Astute readers may point out that there's other ways of doing this - mmap, simply embedding the unique seed or a uuid - well, this story isn't about that, is it?

In any case, I suspected the "data = ' '.join(word_q)" line was the culprit - deque is pretty optimized, and I had removed a massive chunk of code which didn't make sense, and in fact, cProfile showed I was right:

woot:synthfiles jesse$ python -m cProfile synthfilegen.py
         2441475 function calls in 203.791 CPU seconds

   Ordered by: standard name

   ncalls  tottime  percall  cumtime  percall filename:lineno(function)
...snip...
   610352  180.282    0.000  180.282    0.000 {method 'join' of 'str'  objects}
...snip...

180 out of 203 cpu seconds, on the join alone. Curses! So this is when I really went mental (this is what happens when you're too close to something). I decided that I needed to find some magical way of skipping the join and only reading what I needed. I ran down that rathole for a bit, until a friend of mine point out "just make the words bigger".

Full stop. I initially discounted it, I was zeroed in on that join - oh wait. The text in the lorem file when split on whitespace is 4368 words. Joining those back together within the loop is expensive - that much I knew. I hit on the idea that if instead of considering them words, I thought of them as chunks (which is how I was treating them).
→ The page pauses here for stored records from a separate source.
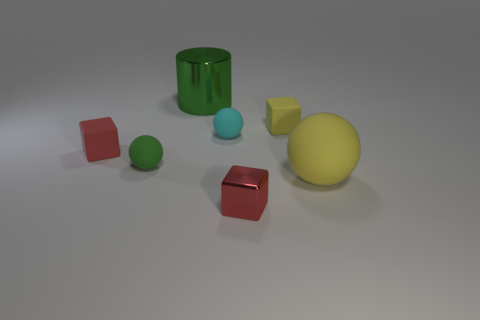There is a cube that is the same color as the big rubber thing; what is its material?
Your answer should be very brief. Rubber. The big object behind the red rubber object is what color?
Make the answer very short. Green. What size is the yellow matte sphere that is to the right of the red block that is behind the shiny cube?
Offer a terse response. Large. There is a yellow thing that is in front of the red rubber cube; is its shape the same as the tiny cyan matte object?
Your answer should be compact. Yes. There is another red thing that is the same shape as the red rubber thing; what is its material?
Your response must be concise. Metal. What number of objects are either small objects on the left side of the cylinder or tiny red blocks that are in front of the big matte ball?
Your answer should be very brief. 3. Is the color of the shiny cylinder the same as the rubber sphere that is on the left side of the large green shiny thing?
Ensure brevity in your answer.  Yes. What is the shape of the tiny cyan thing that is the same material as the tiny green thing?
Offer a terse response. Sphere. How many tiny red matte things are there?
Offer a very short reply. 1. What number of things are tiny red blocks that are behind the tiny red metal cube or cyan matte cubes?
Your answer should be compact. 1. 
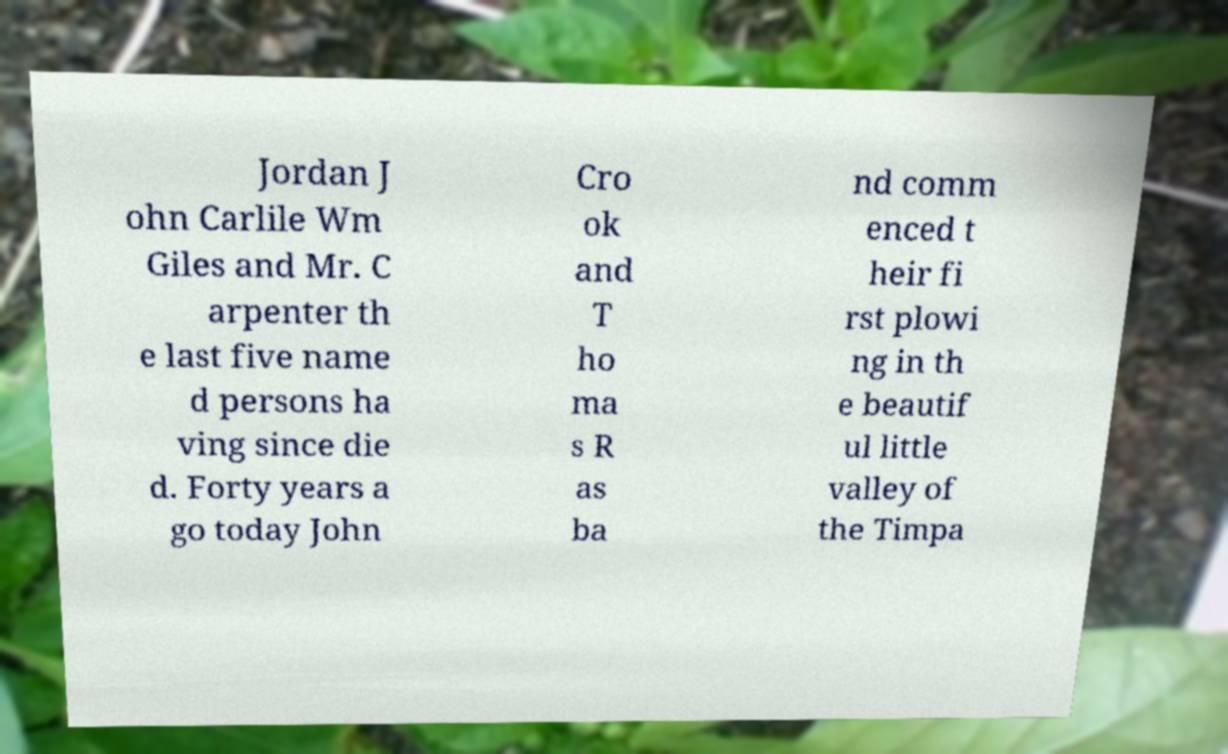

I added a method (process_chunks) which treated the data source as chunks of bytes and made the WORDS variable a list of those chunks. Initially, I set the chunk size to 100 (bytes) and here's the cProfile output:

woot:synthfiles jesse$ python -m cProfile synthfilegen.py
         2441766 function calls in 51.549 CPU seconds

   Ordered by: standard name

   ncalls  tottime  percall  cumtime  percall filename:lineno(function)
...snip...
   610352   29.712    0.000   29.712    0.000 {method 'join' of 'str' objects}
...snip...

And now the generator is kicking data out at 2.34 gigabits. Huge success. Obviously, if you increase the chunk size, it speeds up a bit more (e.g. 300 byte chunks is about 2.5 gigabits/second). I cleaned it up a bit and here is the code: (thanks! bitbucket.org). Note that the speeds I'm discussing are passing the SynthFileObject to a pycurl handle and streaming it across the wire: not to disk.

All told, it was a fun little jaunt, and I've succeeded to make something which I considered "throwaway" into something that's a lot more useful, clean and fast. I've added a handful of unit tests to my sandbox, and I might make this a real module if anyone wants it. I want to rework the _process_chunk/globals stuff, but I farted around with this long enough for now. I also want to add the ability to remove the chunking altogether and simply insert the seed into the data response, and not mess with the lorem text.

edit: I just checked in a new version which removes the _process_chunks function and other globals and moves them into a class. I hate globals.